On Tuesday, the Democratic National Committee blasted reporters with a Huffington Post piece on Illinois Senate candidate Mark Kirk’s history of “exaggeration[s].” Kirk, a moderate Republican congressman who is running for Barack Obama’s old Senate seat, has been under fire for embellishing parts of his (already impressive) military service record. But the HuffPo piece wasn’t about that. It was about an episode in 2008 when Kirk claimed that China was drilling for oil off the coast of Cuba. Mother Jones’ Jonathan Stein explained why this was wrong at the time:
Problem is, that’s all false. Like, completely false. China is not currently drilling off the shores of Cuba; in fact, it doesn’t even have a off shore drilling contract. What is does have is a permit to drill on Cuban land. “China is not drilling in Cuba’s Gulf of Mexico waters, period,” Jorge Piñon, an energy expert at the University of Miami’s Center for Hemispheric Policy, told the Miami Herald. In fact, it is not yet drilling on Cuban land, either…. The Congressional Research Service also debunks Republican claims: “While there has been some concern about China’s potential involvement in offshore deepwater oil projects, to date its involvement in Cuba’s oil sector has been focused on onshore oil extraction in Pinar del Rio province through its state-run China Petroleum and Chemical Corporation. (Sinopec)”

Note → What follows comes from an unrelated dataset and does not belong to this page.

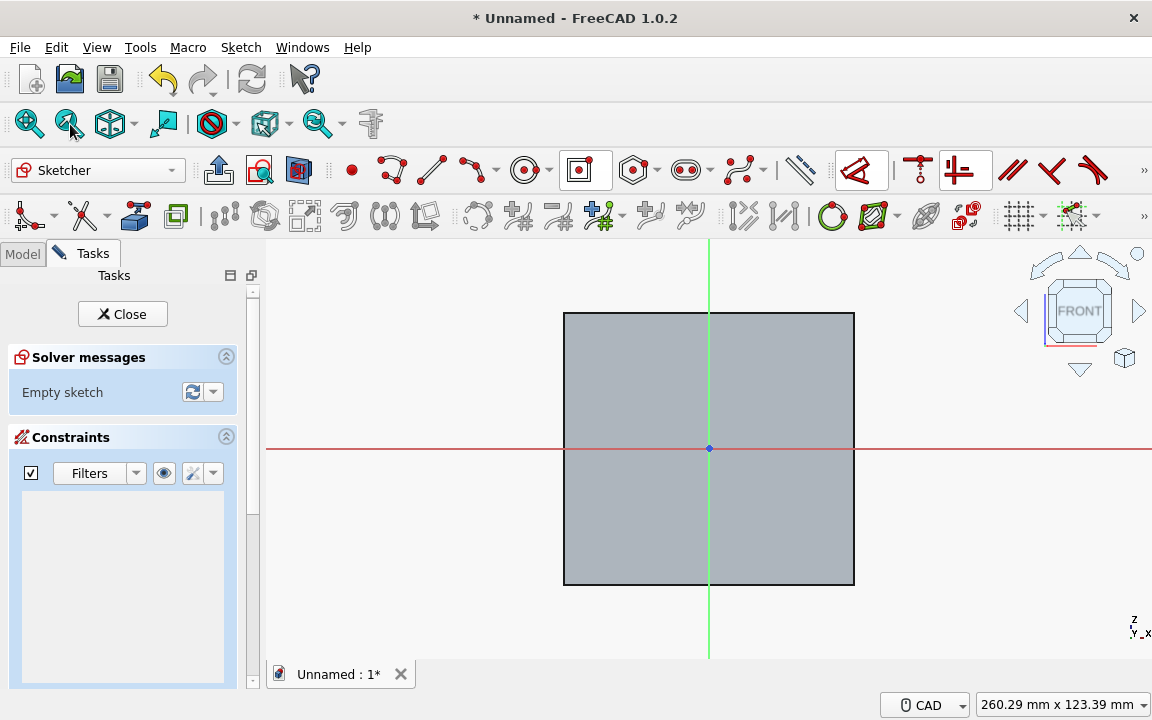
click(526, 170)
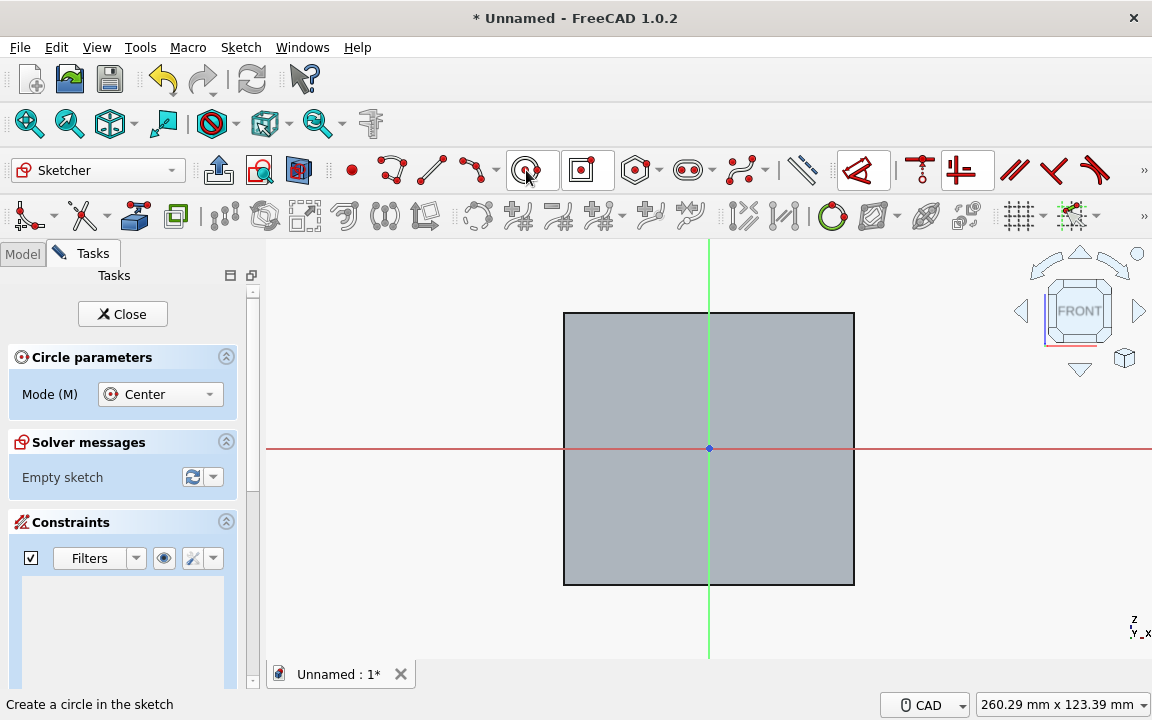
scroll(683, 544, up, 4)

So the whole thing was totally false. But Kirk wasn’t the only person to make the claim. In fact, a whole gaggle of Republicans were talking about the phantom Chinese drilling in 2008 as part of a remarkably transparent effort to push for more offshore drilling. If the communists were doing it, well, we should too, right? Anyway, it was bull-hockey, but that didn’t stop them. Here’s former Vice President Cheney:
“[O]il is being drilled right now 60 miles off the coast of Florida. We’re not doing it. The Chinese are in cooperation with the Cuban government… Even the communists have figured out that a good answer to high prices is more supply. Yet Congress has said… no to drilling off Florida.”

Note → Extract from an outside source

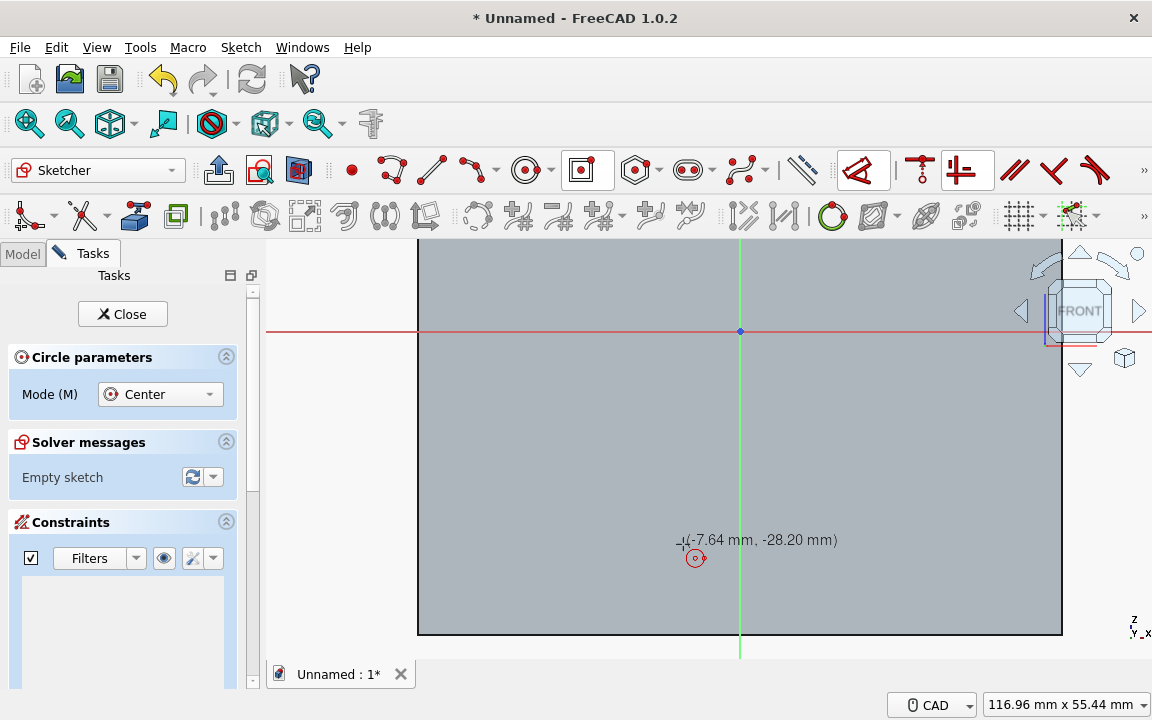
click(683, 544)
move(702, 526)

Here’s House Republican Whip Roy Blunt (R-MO), another 2010 Senate candidate:
“Even China recognizes that oil and natural gas is readily available off our shores; thanks to Fidel Castro, they’ve been given a permit to drill for oil 45 miles from the Florida Keys.”
Here’s House Minority Leader John Boehner (R-OH):
“Right at this moment, some 60 miles or less off the coast of Key West, Florida, China has the green light to drill for oil in order to lower energy costs in that country.”
The point here is that politicians don’t always tell the whole the truth. In fact, they often don’t tell the whole truth. But for whatever reason there’s only a media firestorm when politicians mislead about themselves. If you claim that the health care bill has death panels, you can still be taken seriously. But woe unto the politician who says something wrong about him or herself. Anyway, I bet that Kirk’s misleading statements about Chinese drilling won’t become an issue in the campaign. If we started expecting politicians to tell the truth, then we’d have to make a fuss every time Rand Paul distorted the Americans With Disabilities Act. Fact-checking legislative issues is boring. But catching someone lying about their past? Fun!